We have now arrived at the pier, and, as it says, it is free entry. The pier was owned by the Kingsman family from 1922 to 1971. It was very recently purchased by the Noble family, and there is a lot of money being spent on sprucing it up, and adding more attractions. There is quite a buzz to the place in summer. I would say its a successful sign of the English sea side re-inventing itself, and fighting back. I like piers, and wish them well.
This is a picture taken from about three quarters way out the pier, looking back towards the town. There is a mini crazy golf course in the front of the picture, and the helter skelter of the fair behind. There are usually folk fishing from off the end of the pier, and you can gaze out at the wind farm.
Its a modernised, traditional wooden walk way pier.
In this picture, we have come up the slight hill opposite the pier, gone under quite an elegant bridge, and crossed the esplanade to what I think is Pier Avenue. This is a short walk to a roundabout - its all restaurants and arcades. There is a large Wetherspoons pub on the corner of Pier Avenue, and the Esplanade which has a funny name - the "Moon and Fishes" I think. Its an attractive looking place on a good site.
This picture is of the roundabout at the end of Pier Avenue. Straight ahead in the main street with M&S, WH Smith (where we get our newspaper), Boots, a large 99p store, etc.
There is a modern multi jet fountain set into the mini square just in front of where people are sitting. The jets of water come on and off in a semi random pattern, sometimes a small stream of water, sometimes a tall column. These are a delight for most children who love to get soaked. Our grand daughter Chloe is fascinated by these - luckily her mum usually has a change of clothes with her.
We usually wander up to WH Smiths to get our paper, and carry on and get a cup of tea at a cafe at the end of the main street - it is diagonally across another roundabout. We used to walk further on and go into a very cheap cafe that I considered recommending, but they served me a very stale tea cake, and we haven't been back since. Opposite this is a church hall where they sometimes serve tea and biscuits, etc. There are lots of cafes, and tearooms in Clacton. Probably the one that is as good as any is The Cup of Coffee - see under the link
Clacton Recommended Tea Room We usually have a lunch time snack in "The Pantry", 58c Rosemary Road. Quality is high, and prices not too bad. If you do go there, try upstairs where there is more comfort and lots of room.

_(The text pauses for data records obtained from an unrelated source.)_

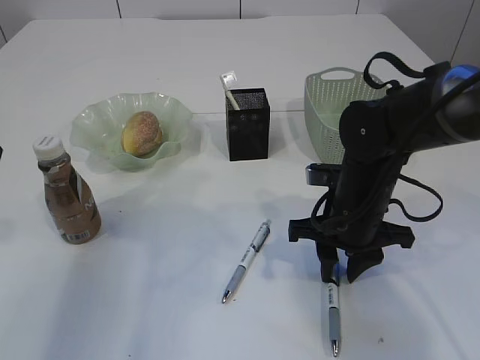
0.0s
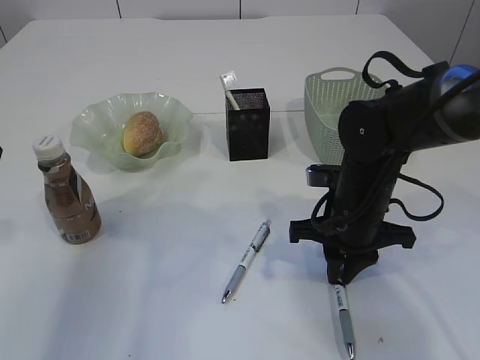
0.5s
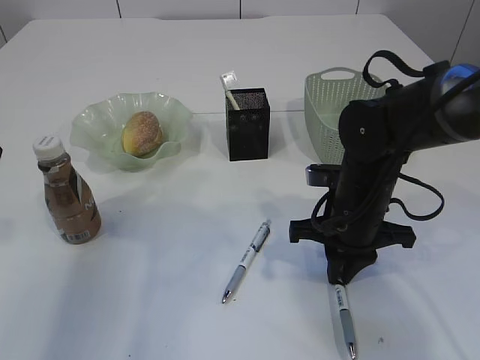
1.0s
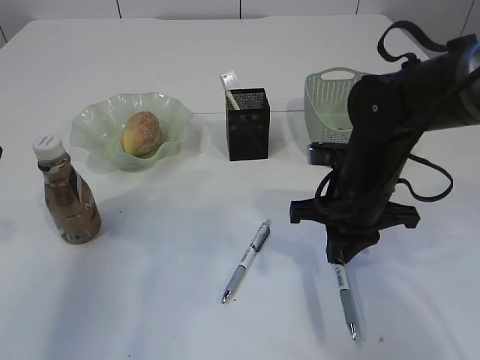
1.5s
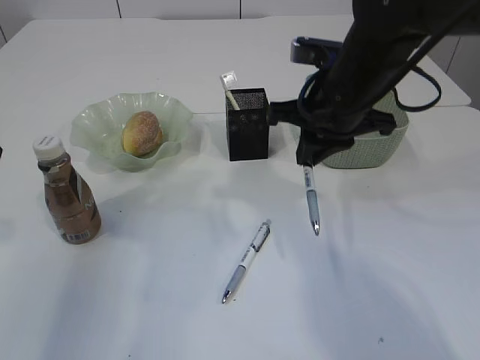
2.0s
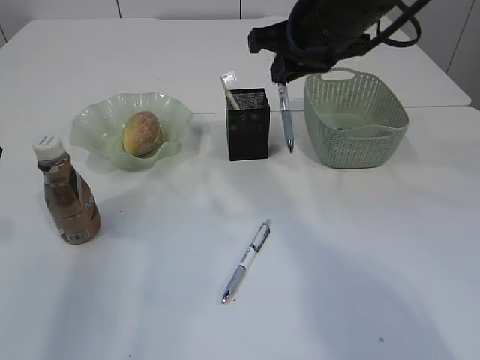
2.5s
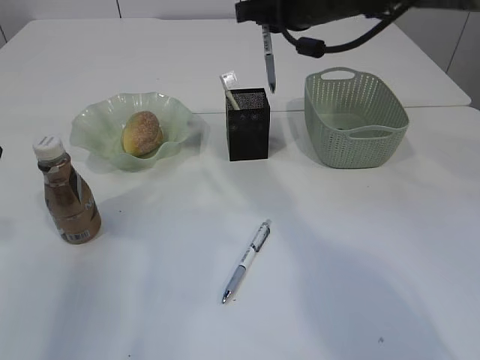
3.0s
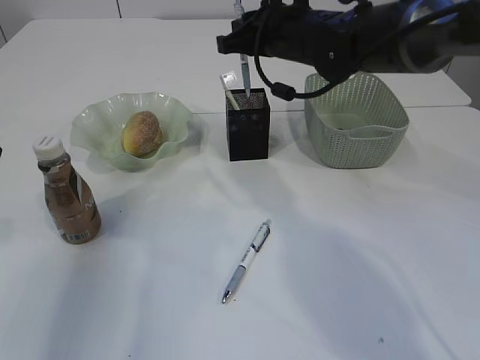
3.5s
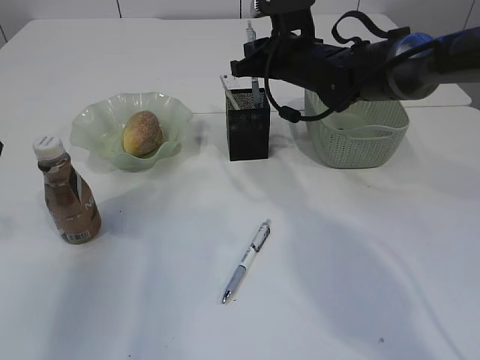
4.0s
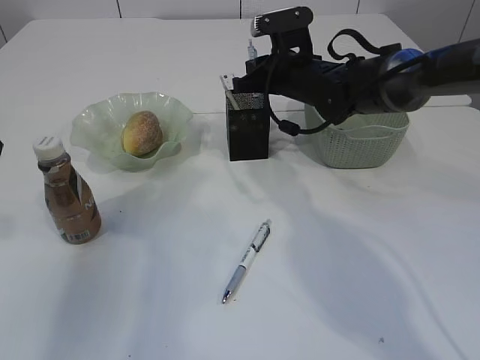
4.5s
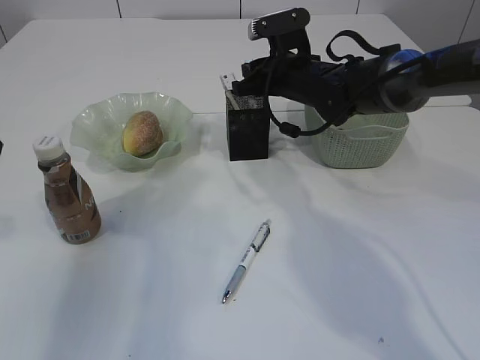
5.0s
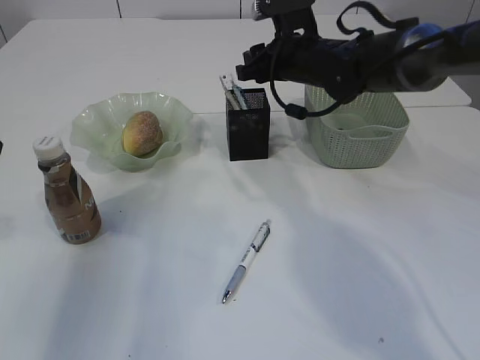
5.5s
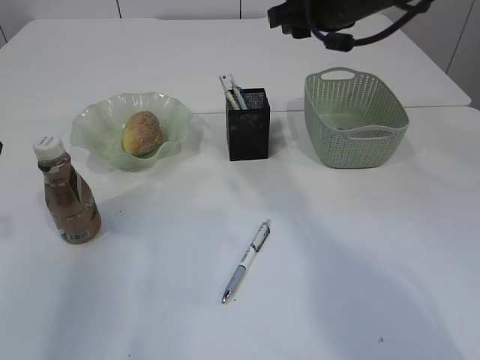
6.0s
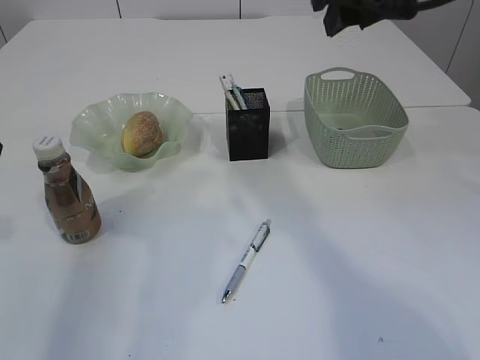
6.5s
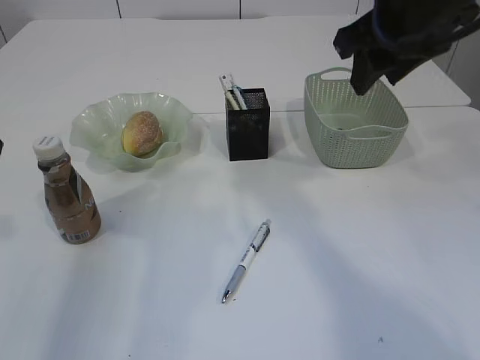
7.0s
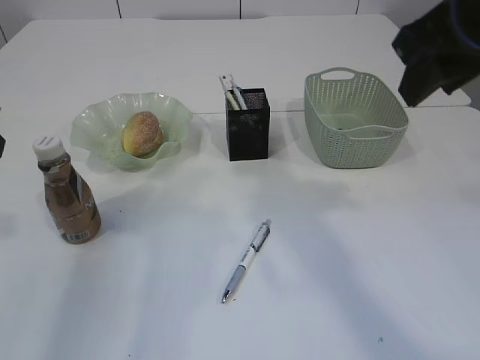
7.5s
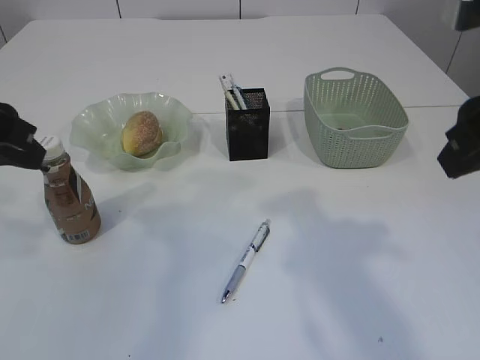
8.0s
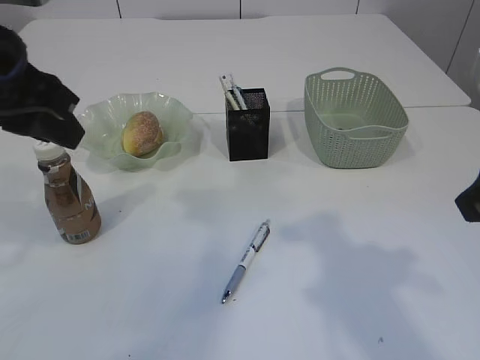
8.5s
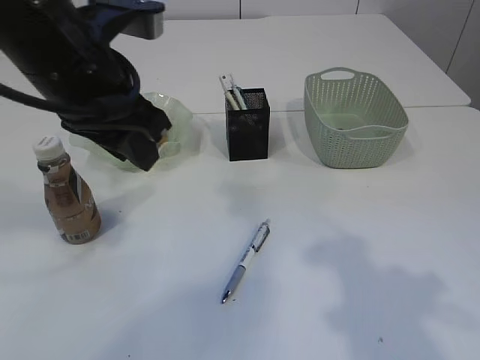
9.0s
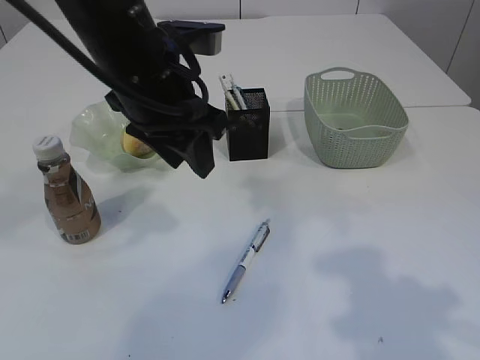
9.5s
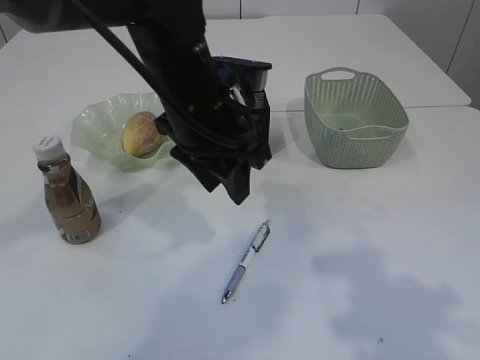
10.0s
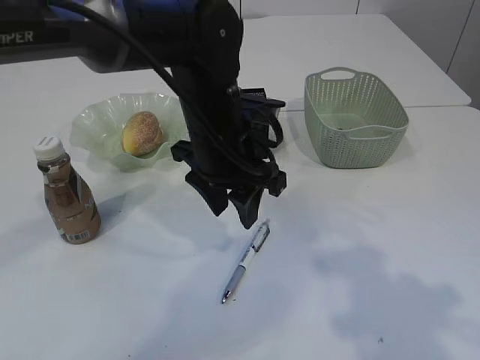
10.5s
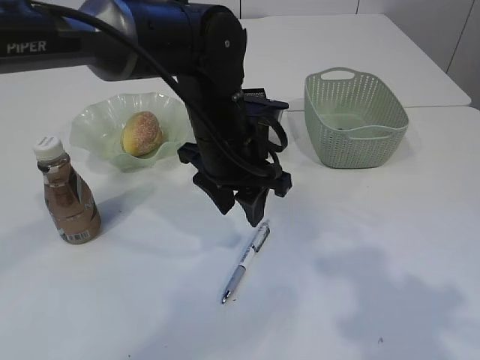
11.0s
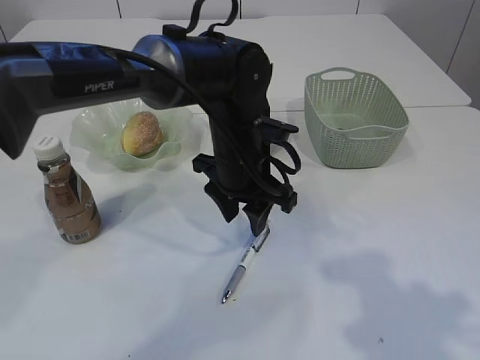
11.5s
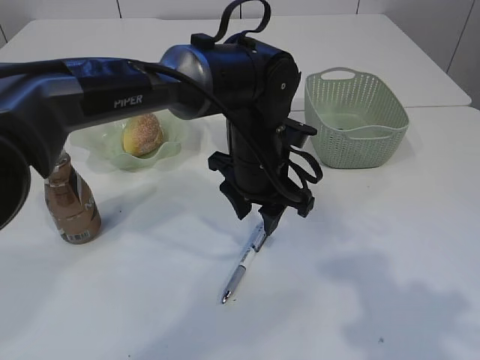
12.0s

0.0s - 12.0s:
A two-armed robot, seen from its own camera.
Step, 2.0s - 5.5s: Place the pen into the pen holder.
0.0s - 2.0s: The right gripper shifts about 15 cm upward, and closes its fingers.
2.0s - 4.0s: The right gripper moves forward, approximately 10 cm.
4.0s - 6.0s: The right gripper is displaced upward and backward by roughly 10 cm, and opens its fingers.
6.0s - 8.0s: The right gripper goes about 20 cm backward.
8.0s - 10.0s: The left gripper shifts some 20 cm to the right and forward. Meanwhile the right gripper goes roughly 10 cm backward.
10.0s - 12.0s: The left gripper shifts some 10 cm downward and to the right.

The town centre of Clacton is reasonably compact, with lots of roads radiating off mini roundabouts. There are lots of charity shops that we love to visit - I always have a list of books with me that I need to get to complete some series that I am reading. At the time of writing this (August 2011) I have read the first book of the Shetland Quartet by Ann Cleeves featuring DI Jimmy Perez, and have bought book four, but I need to get and read books two and three first. Happily most charity shops now have their books arranged alphabetically, and so it doesn't take too long to look for what I am after as I go from one shop to the next.
There is a small covered market up one of the side streets, and generally a good collection of varied shops. There are some empty shops, but not as many as in some places. Clacton is in a bit of a economically depressed area, so prices are keen.
Having "done" the pier and the town centre, we have now crossed the esplanade again and are walking back towards the car through one of a series of landscaped cliff top gardens. These are usually quiet and sheltered.
If its not too hot, if there is time, and and we are feeling energetic we will probably dump any shopping (in trusty bag) in the car, and walk along the lower esplanade to Jaywick where the award of a well earned ice cream awaits.
Clacton is not as nice as Southwold which is further up the coast and into Suffolk, but Southwold is just a little too far for a day trip other than on special occasions. Clacton is as it is, and we like it - both in summer and in winter.